EXERCISE REQUIREMENTS: In the listing that follows, copy out each line that includes the word "June".
·····
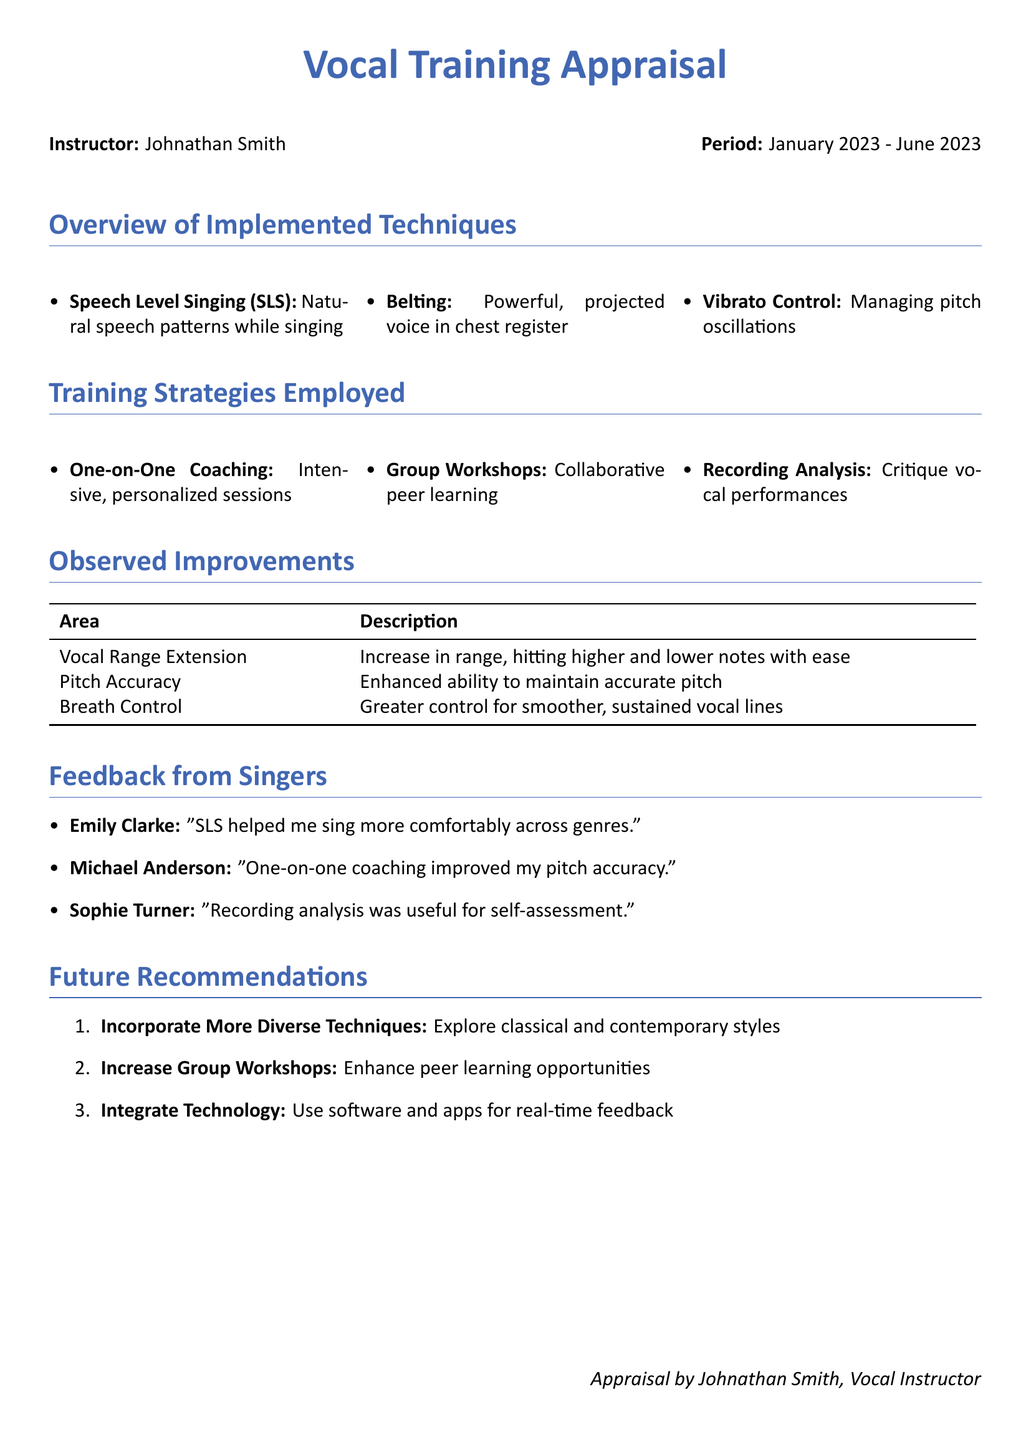What are the three vocal techniques implemented? The document lists three vocal techniques: Speech Level Singing, Belting, and Vibrato Control.
Answer: Speech Level Singing, Belting, Vibrato Control Who is the instructor mentioned in the document? The document specifies that the instructor is Johnathan Smith.
Answer: Johnathan Smith What was the period covered in this appraisal? The period mentioned in the document is from January 2023 to June 2023.
Answer: January 2023 - June 2023 What feedback did Emily Clarke provide? The document quotes Emily Clarke stating that SLS helped her sing more comfortably across genres.
Answer: "SLS helped me sing more comfortably across genres." What is one area of observed improvement? The document states that vocal range extension is one area of improvement, among others.
Answer: Vocal Range Extension What type of training strategy involved peer learning? The document indicates that Group Workshops involve collaborative peer learning.
Answer: Group Workshops What is one recommendation for future training? The document recommends incorporating more diverse techniques to explore classical and contemporary styles.
Answer: Incorporate More Diverse Techniques How did Michael Anderson feel about the coaching type? Michael Anderson felt that one-on-one coaching improved his pitch accuracy, as noted in the feedback section.
Answer: "One-on-one coaching improved my pitch accuracy." 
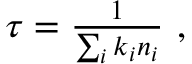<formula> <loc_0><loc_0><loc_500><loc_500>\begin{array} { r } { \tau = \frac { 1 } { \sum _ { i } k _ { i } n _ { i } } , } \end{array}</formula>
·····
SOLUTION:
Answer: Johnathan Smith What was the period covered in this appraisal? The period mentioned in the document is from January 2023 to June 2023.
Answer: January 2023 - June 2023 What feedback did Emily Clarke provide? The document quotes Emily Clarke stating that SLS helped her sing more comfortably across genres.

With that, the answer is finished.